Una vittoria importante per i malati di Alzheimer e per i loro familiari: quando si è in presenza di vere e proprie spese sanitarie e non di prestazioni “meramente alberghiere”, tutti i contributi pecuniari sono a carico del Servizio Sanitario Nazionale.

A conseguire questo successo è stato Konsumer che a Trieste ha assistito gli eredi di un malto di Alzheimer (afflitto anche da altre patologie). La Corte d’appello della città giuliana ha integralmente e totalmente riformato la sentenza di I grado che dava torto ai consumatori che ora si sono visti riconoscere una somma di oltre 86.000,00 euro. L’importo, maggiorato delle spese legali, dovrà essere restituito da parte della RSA convenzionata presso cui era ricoverato il congiunto.

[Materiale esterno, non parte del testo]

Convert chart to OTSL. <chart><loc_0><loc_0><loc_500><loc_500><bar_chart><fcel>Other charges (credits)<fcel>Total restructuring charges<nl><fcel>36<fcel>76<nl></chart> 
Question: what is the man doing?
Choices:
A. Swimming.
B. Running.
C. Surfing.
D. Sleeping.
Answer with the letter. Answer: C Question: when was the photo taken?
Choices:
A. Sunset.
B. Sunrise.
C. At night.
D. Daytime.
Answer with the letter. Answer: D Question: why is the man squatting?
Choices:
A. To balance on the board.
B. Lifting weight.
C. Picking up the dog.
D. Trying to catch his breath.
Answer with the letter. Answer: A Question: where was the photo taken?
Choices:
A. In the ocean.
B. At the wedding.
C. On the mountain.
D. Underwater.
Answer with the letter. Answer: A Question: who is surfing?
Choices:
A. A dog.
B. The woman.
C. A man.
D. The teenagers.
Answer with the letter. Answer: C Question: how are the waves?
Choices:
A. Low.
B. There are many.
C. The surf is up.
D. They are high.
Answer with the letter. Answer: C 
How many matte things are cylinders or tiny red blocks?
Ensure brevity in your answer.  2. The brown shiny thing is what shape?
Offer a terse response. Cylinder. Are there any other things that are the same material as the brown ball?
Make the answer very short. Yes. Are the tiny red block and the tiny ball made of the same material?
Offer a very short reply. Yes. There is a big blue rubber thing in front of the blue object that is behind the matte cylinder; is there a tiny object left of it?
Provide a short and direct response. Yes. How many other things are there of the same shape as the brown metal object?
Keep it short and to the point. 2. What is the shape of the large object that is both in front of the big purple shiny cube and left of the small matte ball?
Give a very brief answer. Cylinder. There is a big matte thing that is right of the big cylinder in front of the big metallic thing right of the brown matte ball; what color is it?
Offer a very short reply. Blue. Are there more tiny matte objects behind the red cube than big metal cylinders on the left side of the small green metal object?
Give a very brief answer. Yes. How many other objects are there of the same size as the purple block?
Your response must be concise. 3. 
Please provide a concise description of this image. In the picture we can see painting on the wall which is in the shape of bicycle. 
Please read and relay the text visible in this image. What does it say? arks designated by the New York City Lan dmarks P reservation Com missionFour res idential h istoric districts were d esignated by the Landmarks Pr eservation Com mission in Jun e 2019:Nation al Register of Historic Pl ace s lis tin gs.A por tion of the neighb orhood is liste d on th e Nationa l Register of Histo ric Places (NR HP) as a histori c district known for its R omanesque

La sentenza conferma il principio stabilito dal D. LGS 502 del 1992, dai successivi decreti e dalla giurisprudenza della Cassazione.

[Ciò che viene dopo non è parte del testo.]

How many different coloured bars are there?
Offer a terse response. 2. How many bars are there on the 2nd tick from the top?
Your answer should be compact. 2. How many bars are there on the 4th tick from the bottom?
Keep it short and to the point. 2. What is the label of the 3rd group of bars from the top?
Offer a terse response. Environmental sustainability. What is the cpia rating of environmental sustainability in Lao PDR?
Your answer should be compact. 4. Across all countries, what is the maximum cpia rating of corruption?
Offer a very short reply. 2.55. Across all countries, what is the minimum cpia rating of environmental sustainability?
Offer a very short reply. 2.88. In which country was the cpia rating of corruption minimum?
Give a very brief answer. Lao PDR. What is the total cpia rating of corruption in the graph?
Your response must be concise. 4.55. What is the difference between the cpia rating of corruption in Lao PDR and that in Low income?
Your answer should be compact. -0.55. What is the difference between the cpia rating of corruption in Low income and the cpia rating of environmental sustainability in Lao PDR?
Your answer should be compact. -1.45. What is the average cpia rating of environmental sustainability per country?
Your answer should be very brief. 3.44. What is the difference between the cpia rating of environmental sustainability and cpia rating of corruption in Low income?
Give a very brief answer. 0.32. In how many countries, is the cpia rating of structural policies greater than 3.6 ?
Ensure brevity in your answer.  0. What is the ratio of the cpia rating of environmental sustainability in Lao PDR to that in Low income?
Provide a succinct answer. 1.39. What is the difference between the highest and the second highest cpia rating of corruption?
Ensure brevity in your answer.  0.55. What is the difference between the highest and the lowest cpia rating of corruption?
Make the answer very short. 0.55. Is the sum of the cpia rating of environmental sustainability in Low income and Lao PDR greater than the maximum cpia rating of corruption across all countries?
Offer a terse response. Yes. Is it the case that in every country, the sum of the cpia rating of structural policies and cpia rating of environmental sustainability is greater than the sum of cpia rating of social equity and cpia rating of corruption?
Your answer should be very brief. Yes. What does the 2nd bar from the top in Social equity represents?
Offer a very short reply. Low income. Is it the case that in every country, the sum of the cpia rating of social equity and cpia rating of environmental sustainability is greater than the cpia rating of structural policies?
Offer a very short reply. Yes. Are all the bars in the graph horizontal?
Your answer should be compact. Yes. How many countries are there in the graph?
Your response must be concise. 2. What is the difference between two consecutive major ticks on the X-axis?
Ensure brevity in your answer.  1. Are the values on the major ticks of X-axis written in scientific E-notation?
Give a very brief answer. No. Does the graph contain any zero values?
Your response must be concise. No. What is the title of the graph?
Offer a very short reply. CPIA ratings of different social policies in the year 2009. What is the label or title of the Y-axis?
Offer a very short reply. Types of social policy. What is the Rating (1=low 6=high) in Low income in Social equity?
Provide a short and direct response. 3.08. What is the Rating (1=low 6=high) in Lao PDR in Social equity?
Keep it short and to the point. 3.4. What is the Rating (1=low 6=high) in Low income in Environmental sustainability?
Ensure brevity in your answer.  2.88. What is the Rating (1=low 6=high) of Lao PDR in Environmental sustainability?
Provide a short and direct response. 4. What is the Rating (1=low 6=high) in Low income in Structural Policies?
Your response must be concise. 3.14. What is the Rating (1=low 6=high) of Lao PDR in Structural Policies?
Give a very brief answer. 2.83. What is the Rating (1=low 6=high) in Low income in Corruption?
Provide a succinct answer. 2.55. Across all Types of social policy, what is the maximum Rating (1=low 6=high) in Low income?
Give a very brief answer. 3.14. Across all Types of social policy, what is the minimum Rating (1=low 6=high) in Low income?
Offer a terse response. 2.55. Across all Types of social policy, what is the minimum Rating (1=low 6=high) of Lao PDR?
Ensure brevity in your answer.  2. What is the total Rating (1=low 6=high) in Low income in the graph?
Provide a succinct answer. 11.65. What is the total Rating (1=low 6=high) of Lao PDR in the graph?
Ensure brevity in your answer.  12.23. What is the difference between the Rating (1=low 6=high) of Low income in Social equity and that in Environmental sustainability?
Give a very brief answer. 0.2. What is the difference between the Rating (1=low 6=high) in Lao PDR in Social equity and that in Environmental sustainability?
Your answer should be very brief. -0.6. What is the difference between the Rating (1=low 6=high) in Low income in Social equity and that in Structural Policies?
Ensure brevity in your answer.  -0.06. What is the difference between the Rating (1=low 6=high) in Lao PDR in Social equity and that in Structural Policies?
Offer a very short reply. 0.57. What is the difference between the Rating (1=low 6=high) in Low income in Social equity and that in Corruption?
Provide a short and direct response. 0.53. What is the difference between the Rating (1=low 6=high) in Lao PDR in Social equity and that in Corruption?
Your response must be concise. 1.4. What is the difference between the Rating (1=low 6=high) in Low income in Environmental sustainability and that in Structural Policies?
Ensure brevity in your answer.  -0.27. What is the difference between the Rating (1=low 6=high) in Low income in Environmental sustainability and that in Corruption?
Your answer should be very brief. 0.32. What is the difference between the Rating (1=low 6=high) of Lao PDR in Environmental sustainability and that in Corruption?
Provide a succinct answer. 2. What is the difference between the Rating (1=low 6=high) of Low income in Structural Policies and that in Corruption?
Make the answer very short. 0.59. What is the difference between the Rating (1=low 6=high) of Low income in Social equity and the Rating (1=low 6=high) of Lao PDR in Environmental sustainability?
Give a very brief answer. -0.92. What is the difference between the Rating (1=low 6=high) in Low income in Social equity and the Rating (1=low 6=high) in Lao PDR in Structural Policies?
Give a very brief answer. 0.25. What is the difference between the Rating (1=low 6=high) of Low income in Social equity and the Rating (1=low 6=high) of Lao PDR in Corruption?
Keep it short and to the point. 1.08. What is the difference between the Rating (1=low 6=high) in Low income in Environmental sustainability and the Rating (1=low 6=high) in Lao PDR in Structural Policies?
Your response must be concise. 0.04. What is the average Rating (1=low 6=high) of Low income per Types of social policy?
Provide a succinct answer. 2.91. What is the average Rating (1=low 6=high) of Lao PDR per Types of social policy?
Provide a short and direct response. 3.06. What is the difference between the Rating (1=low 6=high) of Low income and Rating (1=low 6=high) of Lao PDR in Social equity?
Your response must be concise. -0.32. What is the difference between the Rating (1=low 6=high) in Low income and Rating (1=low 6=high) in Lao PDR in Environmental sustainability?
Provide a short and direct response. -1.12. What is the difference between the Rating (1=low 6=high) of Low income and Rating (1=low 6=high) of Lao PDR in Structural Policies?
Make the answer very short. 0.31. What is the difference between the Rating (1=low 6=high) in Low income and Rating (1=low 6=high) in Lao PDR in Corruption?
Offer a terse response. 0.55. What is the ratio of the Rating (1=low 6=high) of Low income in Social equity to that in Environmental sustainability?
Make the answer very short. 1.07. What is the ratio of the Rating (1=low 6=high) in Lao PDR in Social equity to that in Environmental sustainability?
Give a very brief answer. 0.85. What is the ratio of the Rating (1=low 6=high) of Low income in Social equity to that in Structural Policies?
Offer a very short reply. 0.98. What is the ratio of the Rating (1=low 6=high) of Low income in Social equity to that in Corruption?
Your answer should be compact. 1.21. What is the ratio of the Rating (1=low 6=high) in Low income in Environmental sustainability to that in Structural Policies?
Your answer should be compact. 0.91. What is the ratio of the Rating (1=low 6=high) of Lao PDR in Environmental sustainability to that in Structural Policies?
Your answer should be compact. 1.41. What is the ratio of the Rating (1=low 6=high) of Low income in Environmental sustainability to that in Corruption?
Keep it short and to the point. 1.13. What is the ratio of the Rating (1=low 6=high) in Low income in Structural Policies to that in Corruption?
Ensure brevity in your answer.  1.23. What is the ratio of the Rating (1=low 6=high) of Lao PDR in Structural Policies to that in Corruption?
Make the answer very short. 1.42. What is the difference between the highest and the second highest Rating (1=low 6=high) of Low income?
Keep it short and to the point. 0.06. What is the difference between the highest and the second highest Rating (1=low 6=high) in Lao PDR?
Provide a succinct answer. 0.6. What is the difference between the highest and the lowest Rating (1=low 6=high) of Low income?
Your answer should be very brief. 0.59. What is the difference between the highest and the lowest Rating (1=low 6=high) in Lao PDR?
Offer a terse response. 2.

Soddisfatto dell’importante risultato, il presidente nazionale Konsumer Italia, Fabrizio Premuti, commenta: “Spiace che per contrastare il tentativo di sottrarsi all’assistenza da parte del SSN, pazienti con così gravi patologie debbano aspettare una sentenza di Corte d’Appello, subendo loro stessi e le loro famiglie perdite economiche e rischiando l’indebitamento; come se non bastasse già la prostrazione del doversi confrontare con patologie incurabili, quando il principio è già così ben delineato”.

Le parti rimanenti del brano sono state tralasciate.